Given data:
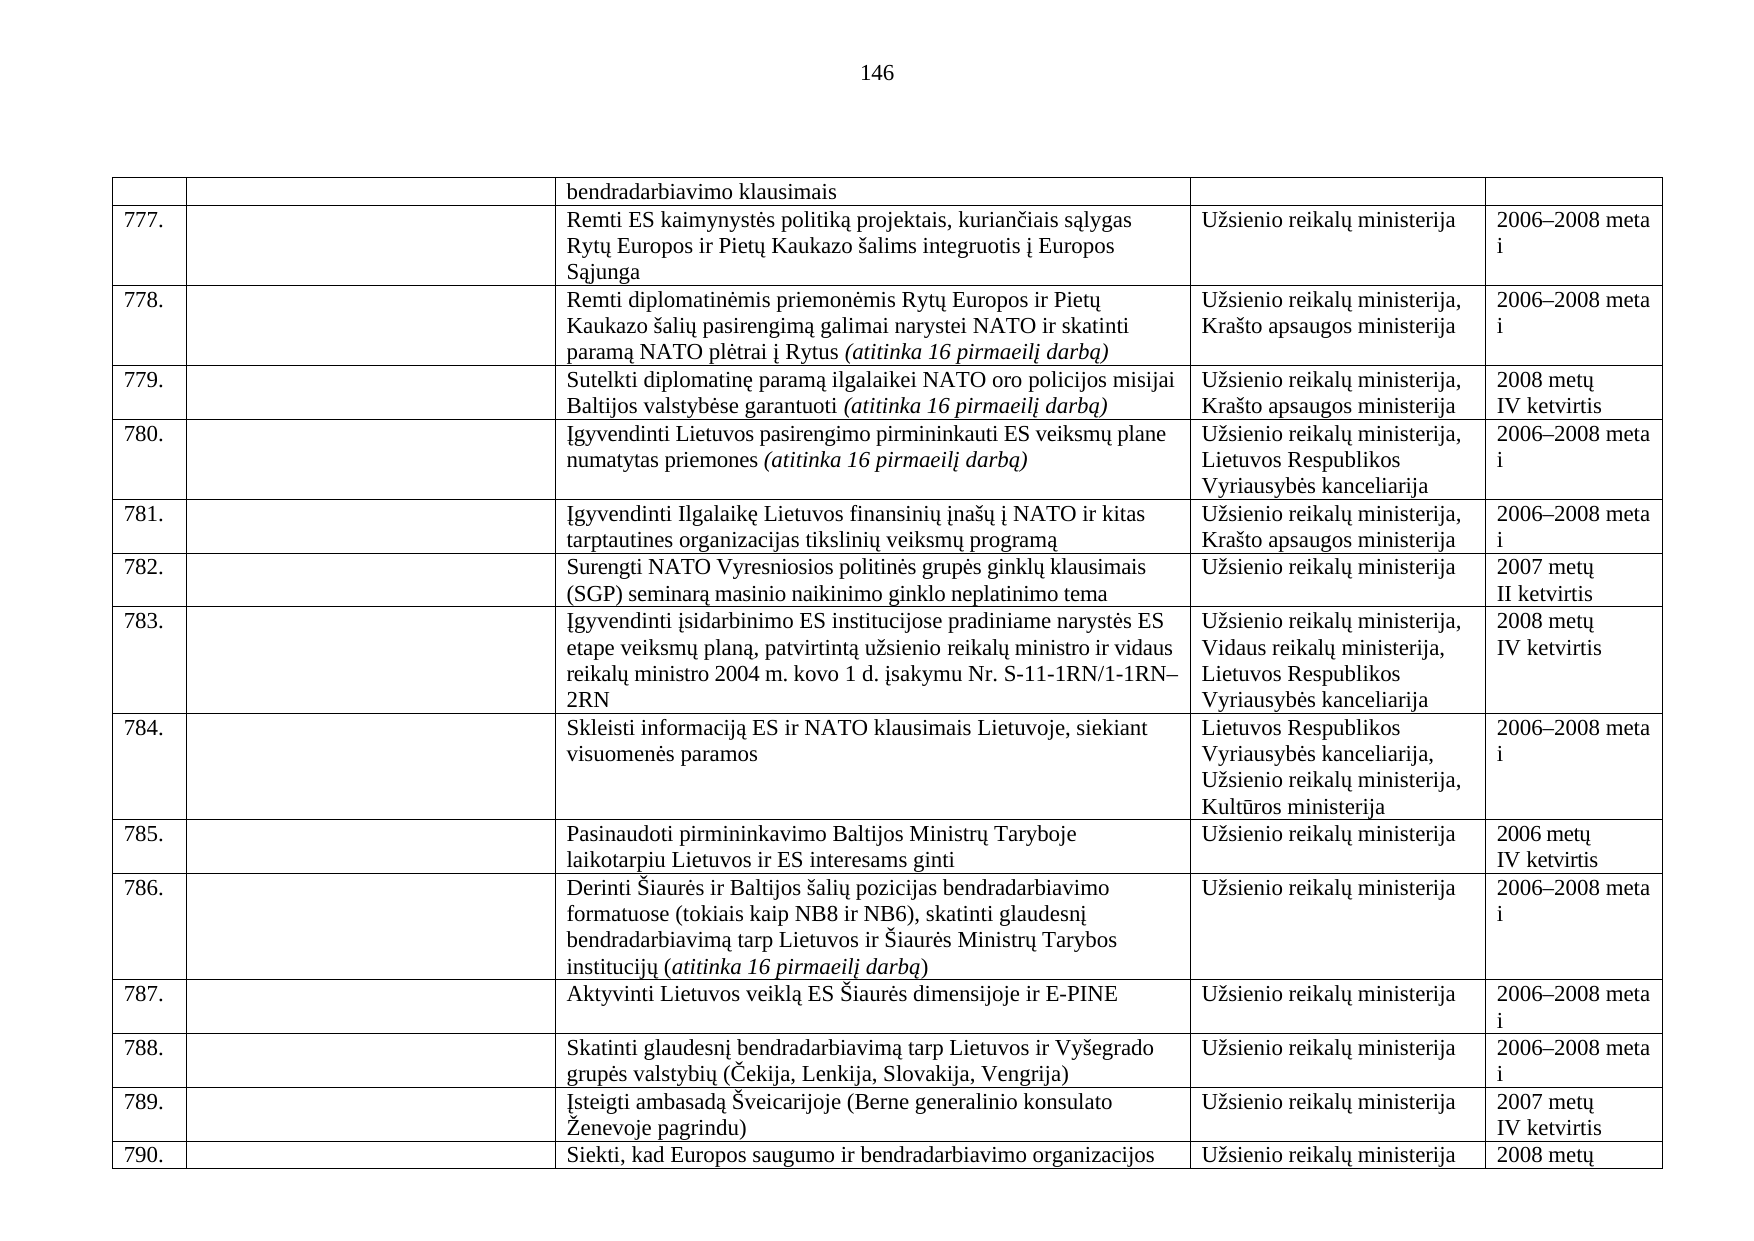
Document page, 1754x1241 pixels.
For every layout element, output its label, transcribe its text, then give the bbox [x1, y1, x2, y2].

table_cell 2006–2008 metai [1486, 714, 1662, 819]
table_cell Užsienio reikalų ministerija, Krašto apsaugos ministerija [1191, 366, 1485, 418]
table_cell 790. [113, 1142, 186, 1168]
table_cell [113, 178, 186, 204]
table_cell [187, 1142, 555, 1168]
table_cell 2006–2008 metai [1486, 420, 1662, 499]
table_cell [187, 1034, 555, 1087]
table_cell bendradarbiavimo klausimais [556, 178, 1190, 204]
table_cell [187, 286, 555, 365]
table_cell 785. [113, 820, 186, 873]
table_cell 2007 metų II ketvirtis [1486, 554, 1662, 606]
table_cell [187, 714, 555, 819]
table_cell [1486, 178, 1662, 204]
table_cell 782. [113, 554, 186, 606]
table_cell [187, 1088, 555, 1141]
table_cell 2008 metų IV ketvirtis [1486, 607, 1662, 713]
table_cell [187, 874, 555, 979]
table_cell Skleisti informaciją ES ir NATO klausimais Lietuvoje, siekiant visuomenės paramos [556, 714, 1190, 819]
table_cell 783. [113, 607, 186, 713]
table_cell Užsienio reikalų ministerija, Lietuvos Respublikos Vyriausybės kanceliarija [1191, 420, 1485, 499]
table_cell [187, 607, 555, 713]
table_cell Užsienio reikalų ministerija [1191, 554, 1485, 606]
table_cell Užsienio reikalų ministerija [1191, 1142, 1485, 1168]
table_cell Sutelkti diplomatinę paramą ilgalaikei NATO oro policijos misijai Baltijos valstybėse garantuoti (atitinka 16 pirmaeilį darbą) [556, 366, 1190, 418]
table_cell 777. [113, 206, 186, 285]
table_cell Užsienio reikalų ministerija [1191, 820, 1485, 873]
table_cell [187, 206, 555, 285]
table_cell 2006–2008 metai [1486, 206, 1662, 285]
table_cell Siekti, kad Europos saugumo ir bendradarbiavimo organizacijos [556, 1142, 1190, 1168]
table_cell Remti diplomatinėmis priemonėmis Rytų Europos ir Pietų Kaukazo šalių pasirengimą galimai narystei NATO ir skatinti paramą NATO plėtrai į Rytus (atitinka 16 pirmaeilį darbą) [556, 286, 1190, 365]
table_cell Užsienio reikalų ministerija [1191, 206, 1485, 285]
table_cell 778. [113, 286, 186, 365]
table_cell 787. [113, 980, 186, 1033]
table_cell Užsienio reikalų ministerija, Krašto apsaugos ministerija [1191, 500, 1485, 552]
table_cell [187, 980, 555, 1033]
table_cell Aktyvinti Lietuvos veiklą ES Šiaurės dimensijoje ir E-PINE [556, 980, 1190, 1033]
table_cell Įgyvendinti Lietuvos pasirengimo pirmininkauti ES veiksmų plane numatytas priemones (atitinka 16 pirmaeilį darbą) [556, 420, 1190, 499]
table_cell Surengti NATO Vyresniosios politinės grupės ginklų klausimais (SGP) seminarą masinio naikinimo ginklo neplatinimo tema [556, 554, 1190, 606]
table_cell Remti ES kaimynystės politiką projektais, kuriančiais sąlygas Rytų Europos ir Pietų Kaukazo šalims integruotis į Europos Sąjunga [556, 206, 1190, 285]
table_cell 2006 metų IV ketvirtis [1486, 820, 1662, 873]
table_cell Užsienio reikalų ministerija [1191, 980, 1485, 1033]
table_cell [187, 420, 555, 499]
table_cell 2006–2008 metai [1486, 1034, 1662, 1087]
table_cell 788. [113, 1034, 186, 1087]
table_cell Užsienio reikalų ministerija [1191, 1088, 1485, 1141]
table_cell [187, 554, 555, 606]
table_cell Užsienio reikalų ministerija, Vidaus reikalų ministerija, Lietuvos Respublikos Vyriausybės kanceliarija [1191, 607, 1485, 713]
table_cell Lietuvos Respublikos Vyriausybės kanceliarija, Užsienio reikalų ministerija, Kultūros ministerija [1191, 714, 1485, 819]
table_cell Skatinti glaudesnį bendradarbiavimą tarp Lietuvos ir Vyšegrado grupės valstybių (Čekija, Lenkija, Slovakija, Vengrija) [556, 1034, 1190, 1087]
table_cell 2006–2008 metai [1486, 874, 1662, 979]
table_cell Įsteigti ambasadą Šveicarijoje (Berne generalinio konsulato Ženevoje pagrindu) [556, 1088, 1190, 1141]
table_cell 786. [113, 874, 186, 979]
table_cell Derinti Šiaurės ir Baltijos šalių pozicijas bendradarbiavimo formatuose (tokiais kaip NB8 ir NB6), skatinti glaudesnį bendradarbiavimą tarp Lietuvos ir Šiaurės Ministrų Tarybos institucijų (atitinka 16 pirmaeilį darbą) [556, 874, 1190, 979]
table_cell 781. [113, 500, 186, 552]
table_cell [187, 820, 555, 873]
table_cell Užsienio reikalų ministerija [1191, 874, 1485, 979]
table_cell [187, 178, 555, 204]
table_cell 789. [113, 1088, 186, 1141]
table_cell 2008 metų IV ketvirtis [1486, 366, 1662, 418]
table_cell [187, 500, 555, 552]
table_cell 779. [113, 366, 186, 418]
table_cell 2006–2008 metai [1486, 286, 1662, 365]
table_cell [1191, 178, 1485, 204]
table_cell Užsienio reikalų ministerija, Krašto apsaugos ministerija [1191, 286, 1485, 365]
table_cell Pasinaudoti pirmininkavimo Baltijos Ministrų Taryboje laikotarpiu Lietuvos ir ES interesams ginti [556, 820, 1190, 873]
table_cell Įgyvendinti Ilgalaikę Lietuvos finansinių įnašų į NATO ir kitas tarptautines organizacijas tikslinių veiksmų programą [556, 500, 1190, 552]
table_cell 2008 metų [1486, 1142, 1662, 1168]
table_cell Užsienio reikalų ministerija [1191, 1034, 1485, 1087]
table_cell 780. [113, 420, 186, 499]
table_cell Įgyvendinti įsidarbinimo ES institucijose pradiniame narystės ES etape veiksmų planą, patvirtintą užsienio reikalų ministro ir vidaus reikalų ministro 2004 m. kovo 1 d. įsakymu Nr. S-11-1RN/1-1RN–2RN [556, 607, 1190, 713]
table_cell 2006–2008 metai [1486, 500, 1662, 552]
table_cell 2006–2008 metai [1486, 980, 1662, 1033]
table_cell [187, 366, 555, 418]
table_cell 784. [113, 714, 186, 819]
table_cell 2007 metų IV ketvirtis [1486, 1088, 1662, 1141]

Work item:
Restate all of the material above word for word, excluding the pictures.

Result for this exercise:
Document page, 1754x1241 pixels.
For every layout element, output its label, transcribe its text, then give the bbox [x1, y1, x2, y2].

table_cell 2006–2008 metai [1486, 714, 1662, 819]
table_cell Užsienio reikalų ministerija, Krašto apsaugos ministerija [1191, 366, 1485, 418]
table_cell 790. [113, 1142, 186, 1168]
table_cell [113, 178, 186, 204]
table_cell [187, 1142, 555, 1168]
table_cell 2006–2008 metai [1486, 420, 1662, 499]
table_cell [187, 1034, 555, 1087]
table_cell bendradarbiavimo klausimais [556, 178, 1190, 204]
table_cell [187, 286, 555, 365]
table_cell 785. [113, 820, 186, 873]
table_cell 2007 metų II ketvirtis [1486, 554, 1662, 606]
table_cell [187, 714, 555, 819]
table_cell [1486, 178, 1662, 204]
table_cell 782. [113, 554, 186, 606]
table_cell [187, 1088, 555, 1141]
table_cell 2008 metų IV ketvirtis [1486, 607, 1662, 713]
table_cell [187, 874, 555, 979]
table_cell Skleisti informaciją ES ir NATO klausimais Lietuvoje, siekiant visuomenės paramos [556, 714, 1190, 819]
table_cell 783. [113, 607, 186, 713]
table_cell Užsienio reikalų ministerija, Lietuvos Respublikos Vyriausybės kanceliarija [1191, 420, 1485, 499]
table_cell [187, 607, 555, 713]
table_cell Užsienio reikalų ministerija [1191, 554, 1485, 606]
table_cell Užsienio reikalų ministerija [1191, 1142, 1485, 1168]
table_cell Sutelkti diplomatinę paramą ilgalaikei NATO oro policijos misijai Baltijos valstybėse garantuoti (atitinka 16 pirmaeilį darbą) [556, 366, 1190, 418]
table_cell 777. [113, 206, 186, 285]
table_cell Užsienio reikalų ministerija [1191, 820, 1485, 873]
table_cell [187, 206, 555, 285]
table_cell 2006–2008 metai [1486, 206, 1662, 285]
table_cell Siekti, kad Europos saugumo ir bendradarbiavimo organizacijos [556, 1142, 1190, 1168]
table_cell Remti diplomatinėmis priemonėmis Rytų Europos ir Pietų Kaukazo šalių pasirengimą galimai narystei NATO ir skatinti paramą NATO plėtrai į Rytus (atitinka 16 pirmaeilį darbą) [556, 286, 1190, 365]
table_cell Užsienio reikalų ministerija [1191, 206, 1485, 285]
table_cell 778. [113, 286, 186, 365]
table_cell 787. [113, 980, 186, 1033]
table_cell Užsienio reikalų ministerija, Krašto apsaugos ministerija [1191, 500, 1485, 552]
table_cell [187, 980, 555, 1033]
table_cell Aktyvinti Lietuvos veiklą ES Šiaurės dimensijoje ir E-PINE [556, 980, 1190, 1033]
table_cell Įgyvendinti Lietuvos pasirengimo pirmininkauti ES veiksmų plane numatytas priemones (atitinka 16 pirmaeilį darbą) [556, 420, 1190, 499]
table_cell Surengti NATO Vyresniosios politinės grupės ginklų klausimais (SGP) seminarą masinio naikinimo ginklo neplatinimo tema [556, 554, 1190, 606]
table_cell Remti ES kaimynystės politiką projektais, kuriančiais sąlygas Rytų Europos ir Pietų Kaukazo šalims integruotis į Europos Sąjunga [556, 206, 1190, 285]
table_cell 2006 metų IV ketvirtis [1486, 820, 1662, 873]
table_cell Užsienio reikalų ministerija [1191, 980, 1485, 1033]
table_cell [187, 420, 555, 499]
table_cell 2006–2008 metai [1486, 1034, 1662, 1087]
table_cell 788. [113, 1034, 186, 1087]
table_cell Užsienio reikalų ministerija [1191, 1088, 1485, 1141]
table_cell [187, 554, 555, 606]
table_cell Užsienio reikalų ministerija, Vidaus reikalų ministerija, Lietuvos Respublikos Vyriausybės kanceliarija [1191, 607, 1485, 713]
table_cell Lietuvos Respublikos Vyriausybės kanceliarija, Užsienio reikalų ministerija, Kultūros ministerija [1191, 714, 1485, 819]
table_cell Skatinti glaudesnį bendradarbiavimą tarp Lietuvos ir Vyšegrado grupės valstybių (Čekija, Lenkija, Slovakija, Vengrija) [556, 1034, 1190, 1087]
table_cell 2006–2008 metai [1486, 874, 1662, 979]
table_cell Įsteigti ambasadą Šveicarijoje (Berne generalinio konsulato Ženevoje pagrindu) [556, 1088, 1190, 1141]
table_cell 786. [113, 874, 186, 979]
table_cell Derinti Šiaurės ir Baltijos šalių pozicijas bendradarbiavimo formatuose (tokiais kaip NB8 ir NB6), skatinti glaudesnį bendradarbiavimą tarp Lietuvos ir Šiaurės Ministrų Tarybos institucijų (atitinka 16 pirmaeilį darbą) [556, 874, 1190, 979]
table_cell 781. [113, 500, 186, 552]
table_cell [187, 820, 555, 873]
table_cell Užsienio reikalų ministerija [1191, 874, 1485, 979]
table_cell [187, 178, 555, 204]
table_cell 789. [113, 1088, 186, 1141]
table_cell 2008 metų IV ketvirtis [1486, 366, 1662, 418]
table_cell [187, 500, 555, 552]
table_cell 779. [113, 366, 186, 418]
table_cell 2006–2008 metai [1486, 286, 1662, 365]
table_cell [1191, 178, 1485, 204]
table_cell Užsienio reikalų ministerija, Krašto apsaugos ministerija [1191, 286, 1485, 365]
table_cell Pasinaudoti pirmininkavimo Baltijos Ministrų Taryboje laikotarpiu Lietuvos ir ES interesams ginti [556, 820, 1190, 873]
table_cell Įgyvendinti Ilgalaikę Lietuvos finansinių įnašų į NATO ir kitas tarptautines organizacijas tikslinių veiksmų programą [556, 500, 1190, 552]
table_cell 2008 metų [1486, 1142, 1662, 1168]
table_cell Užsienio reikalų ministerija [1191, 1034, 1485, 1087]
table_cell 780. [113, 420, 186, 499]
table_cell Įgyvendinti įsidarbinimo ES institucijose pradiniame narystės ES etape veiksmų planą, patvirtintą užsienio reikalų ministro ir vidaus reikalų ministro 2004 m. kovo 1 d. įsakymu Nr. S-11-1RN/1-1RN–2RN [556, 607, 1190, 713]
table_cell 2006–2008 metai [1486, 500, 1662, 552]
table_cell 2006–2008 metai [1486, 980, 1662, 1033]
table_cell [187, 366, 555, 418]
table_cell 784. [113, 714, 186, 819]
table_cell 2007 metų IV ketvirtis [1486, 1088, 1662, 1141]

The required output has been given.